Circuits courts – Exploration des maillons brisés des politiques de la chaîne d’approvisionnement en minéraux

Synthèse du rapport « Short circuits – Exploring the broken links of mineral supply chain policies in the electric vehicle industry » publié en mai 2024 par Rainforest Foundation Norway et AidEnvironment.

❇️ Introduction et contexte
Le rapport s’ouvre sur un constat alarmant : la transition vers les véhicules électriques, bien que nécessaire pour atteindre les objectifs climatiques de l’Accord de Paris, exerce une pression croissante sur les écosystèmes forestiers tropicaux. Entre 2000 et 2020, 62% de la déforestation liée aux activités minières s’est concentrée dans les forêts tropicales et subtropicales, alors que ces zones ne représentent que 29% des surfaces minières mondiales. Cette situation est d’autant plus préoccupante que plus de la moitié des minéraux nécessaires à la transition énergétique se trouve sur ou à proximité des terres des peuples autochtones.

L’industrie automobile apparaît comme un acteur majeur de cette problématique. Elle représente le deuxième secteur le plus important en termes de déforestation liée aux activités minières, juste après le secteur de la construction. Les projections de l’Agence Internationale de l’Énergie soulignent l’ampleur du défi : la flotte mondiale de véhicules électriques devra passer de 40 millions actuellement à environ 240 millions d’ici 2030 pour respecter les objectifs climatiques.

❇️ Méthodologie et portée de l’étude
Les auteurs ont mené une évaluation approfondie des pratiques de diligence raisonnable de 19 entreprises majeures : 11 constructeurs automobiles (dont BMW, Tesla, Volkswagen) et 8 fabricants de batteries (comme CATL, LG Energy Solution).

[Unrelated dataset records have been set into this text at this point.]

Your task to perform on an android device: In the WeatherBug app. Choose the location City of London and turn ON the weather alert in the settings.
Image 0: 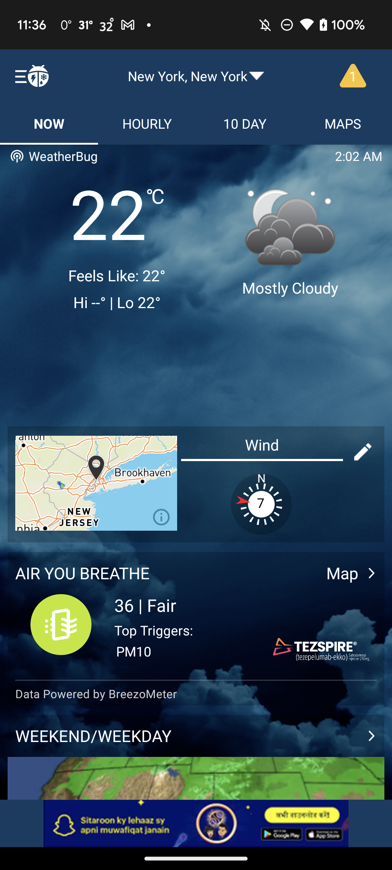
Click on the New York,New York location at top of the screen
Step 0: click (196, 76)
Image 1: 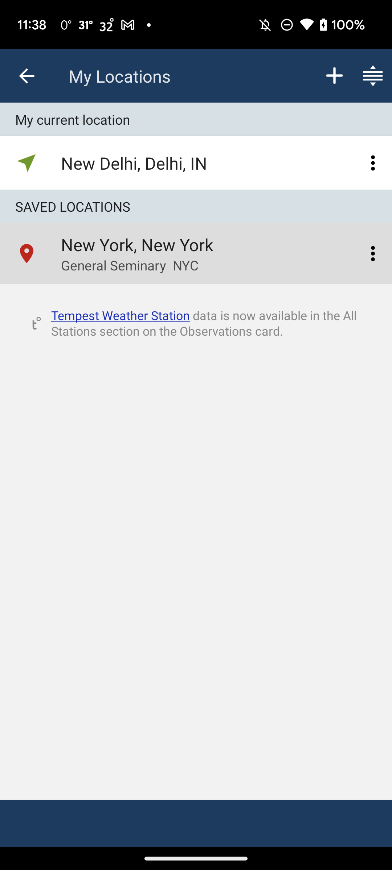
Click on the plus icon at top of the screen
Step 1: click (335, 76)
Image 2: 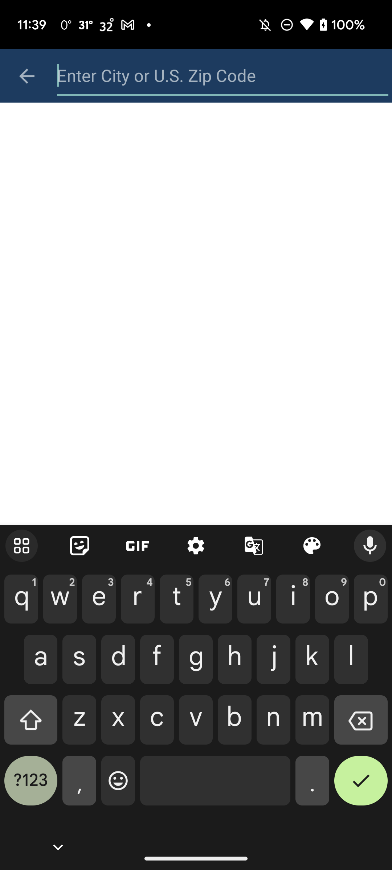
Type "City of London" in the search bar
Step 2: type "City of london"
Image 3: 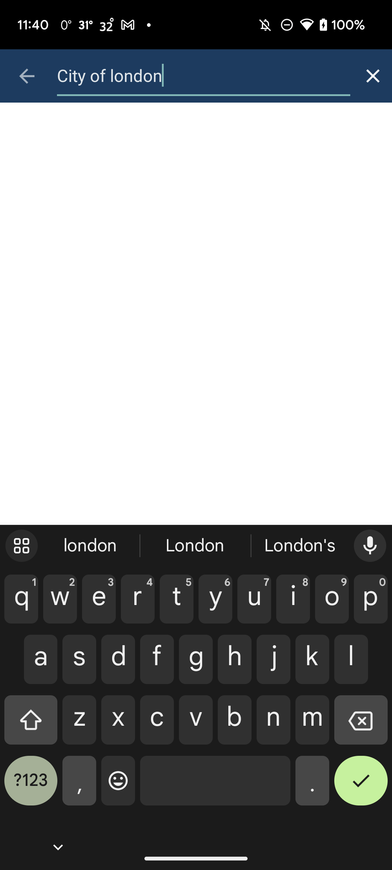
Type "City of London" in the search bar
Step 3: wait
Image 4: 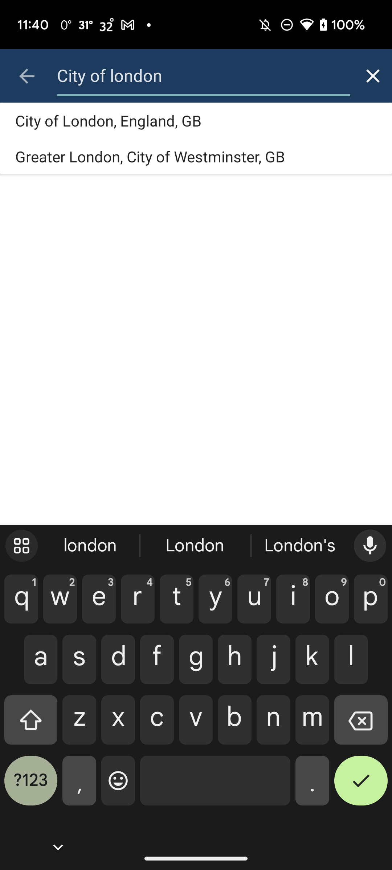
click on the City of london,England,GB result
Step 4: click (196, 120)
Image 5: 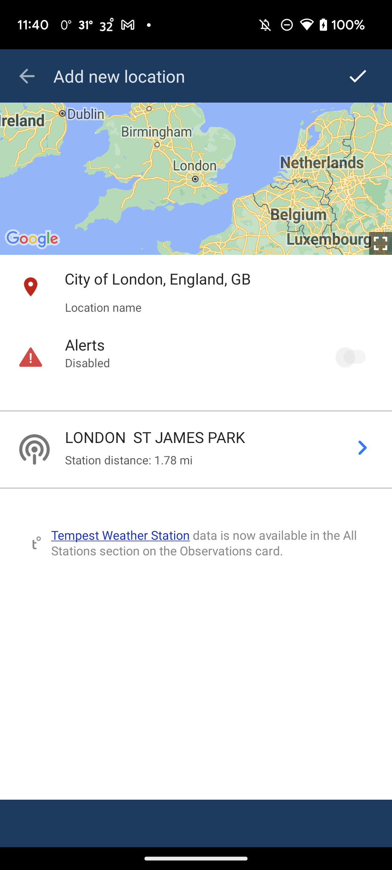
Click on the right icon at top right of the screen
Step 5: click (359, 79)
Image 6: 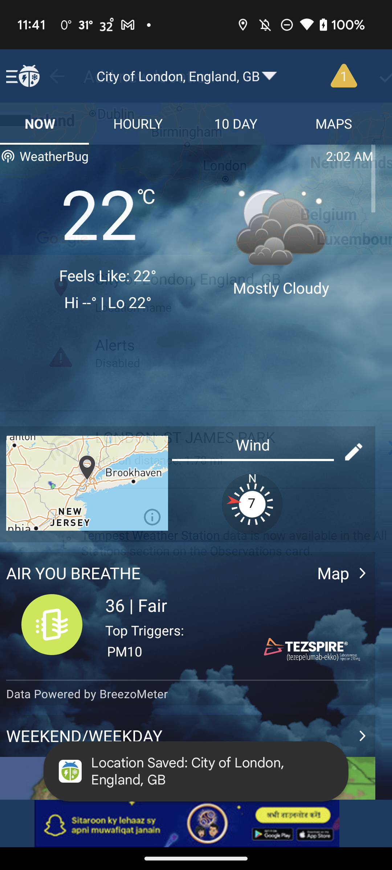
Click on the right icon at top right of the screen
Step 6: wait
Image 7: 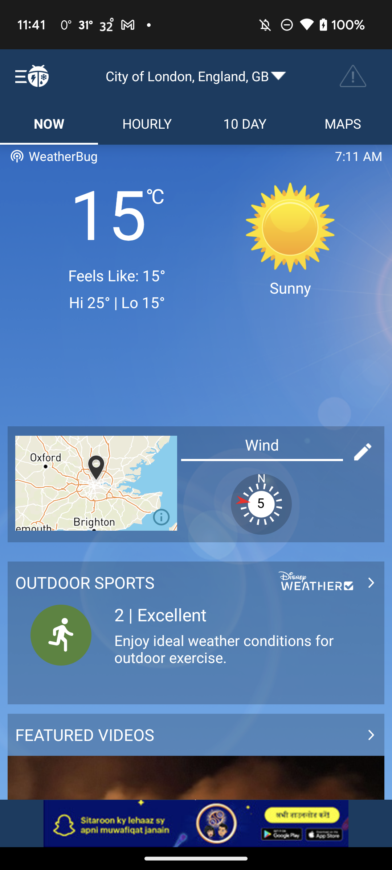
Click on the three line at top left of the screen
Step 7: click (26, 74)
Image 8: 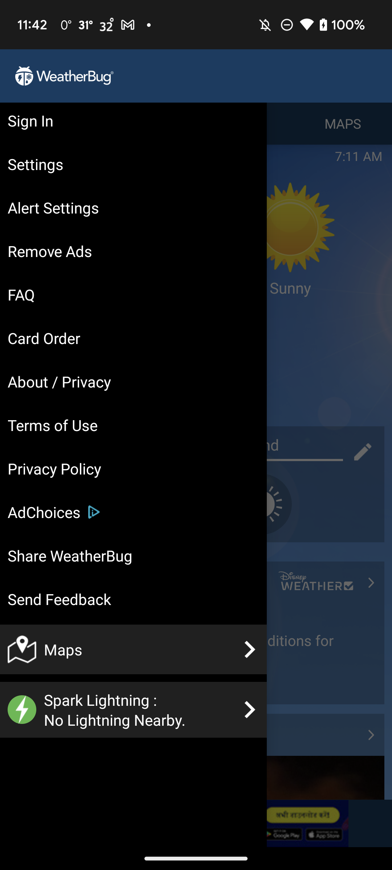
Click on the Alert settings option
Step 8: click (137, 207)
Image 9: 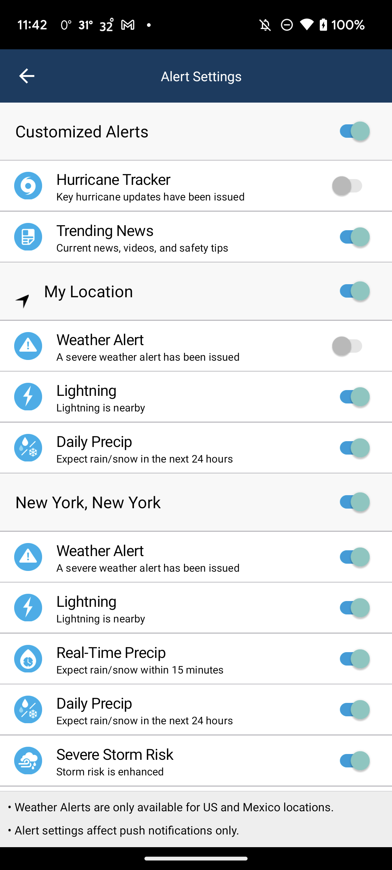
Click on the Weather alert button to turn on the notification
Step 9: click (351, 346)

L’analyse s’est structurée autour de trois piliers :

  • Les politiques et engagements des entreprises
  • La mise en œuvre et la gestion de ces engagements
  • La transparence et la performance

L’évaluation s’est appuyée sur des cadres reconnus comme les directives de l’OCDE et les standards de l’Initiative pour l’Assurance d’une Exploitation Minière Responsable (IRMA). Les chercheurs ont accordé une attention particulière aux risques liés à la biodiversité, à la déforestation et aux droits des peuples autochtones.

❇️ Résultats principaux
L’analyse révèle des disparités importantes entre les entreprises. Tesla arrive en tête avec un score global de 60%, tandis que BYD ferme la marche avec 8%. Les constructeurs automobiles obtiennent en moyenne de meilleurs résultats (40%) que les fabricants de batteries (29%).

Un constat préoccupant émerge : sur les 19 entreprises étudiées, seules sept constructeurs automobiles et un fabricant de batteries ont adopté des engagements contre la déforestation. Plus inquiétant encore, aucune entreprise n’a fixé d’objectifs spécifiques « zéro déforestation » pour ses chaînes d’approvisionnement en minerais. Concernant les droits des peuples autochtones, seules cinq entreprises intègrent le principe du consentement libre, préalable et éclairé dans leur politique d’approvisionnement responsable.

❇️ Recommandations et perspectives d’avenir
Le rapport formule des recommandations détaillées pour les différentes parties prenantes. Pour les entreprises, il préconise l’adoption d’engagements temporels précis visant à éliminer la déforestation de leurs chaînes d’approvisionnement. Pour les décideurs politiques, il recommande la mise en place de cadres réglementaires exigeant une plus grande transparence et une diligence raisonnable obligatoire.

Les auteurs soulignent que les nouvelles réglementations, comme le Règlement Batteries de l’UE, offrent une opportunité unique d’améliorer les pratiques de diligence raisonnable environnementale et sociale.